Minister of Finance
- Incumbent
- Assumed office July 2024
- President: Bajram Begaj
- Prime Minister: Edi Rama
- Preceded by: Ervin Mete

Executive Director of the National Agency of Natural Resources
- In office 15 January 2024 – July 2024
- Preceded by: Adrian Bylyku
- Succeeded by: Erlind Sulo

Personal details
- Born: 13 October 1978 (age 47) Tirana, PSR Albania
- Alma mater: University of Tirana University of Wisconsin–La Crosse Georgetown University
- Profession: Economist, financial consultant

= Petrit Malaj =

Albanian politician (born 1978)

Petrit Malaj (born 13 October 1978) is an Albanian economist and politician who has served as the Minister of Finance of Albania since July 2024.

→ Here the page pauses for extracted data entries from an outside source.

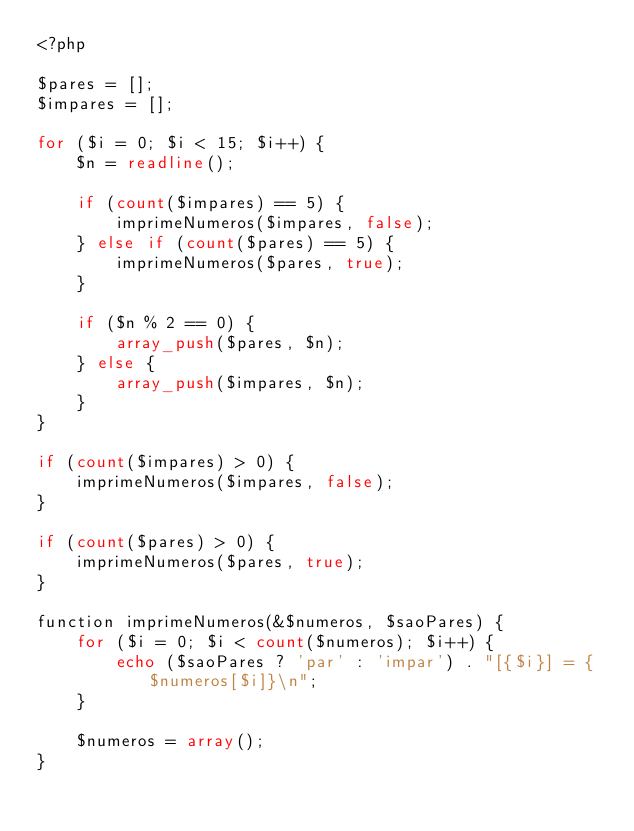Convert code to text. <code><loc_0><loc_0><loc_500><loc_500><_PHP_><?php

$pares = [];
$impares = [];

for ($i = 0; $i < 15; $i++) {
    $n = readline();

    if (count($impares) == 5) {
        imprimeNumeros($impares, false);
    } else if (count($pares) == 5) {
        imprimeNumeros($pares, true);
    }

    if ($n % 2 == 0) {
        array_push($pares, $n);
    } else {
        array_push($impares, $n);
    }
}

if (count($impares) > 0) {
    imprimeNumeros($impares, false);
}

if (count($pares) > 0) {
    imprimeNumeros($pares, true);
}

function imprimeNumeros(&$numeros, $saoPares) {
    for ($i = 0; $i < count($numeros); $i++) {
        echo ($saoPares ? 'par' : 'impar') . "[{$i}] = {$numeros[$i]}\n";
    }

    $numeros = array();
}</code>

== Early life and education ==

Malaj was born in Tirana in 1978. He graduated in 2001 with a degree in Finance and Banking from the Faculty of Economics at the University of Tirana. He later earned a master's degree in Business Administration from the University of Wisconsin–La Crosse in the United States. Additionally, he also completed professional training in banking and finance at Georgetown University.

== Career ==

From 2010 onward, he held a leadership position at BDO Albania, part of the global BDO network offering financial and consulting services. He has also worked in the Albanian banking sector, including at Raiffeisen Bank and the Italo-Albanian Bank, ( part of the Intesa Sanpaolo Banking Group).

In January 2024, he was appointed Executive Director of the National Agency of Natural Resources (AKBN). He assumed the role of Minister of Finance later that year, under the government of Edi Rama.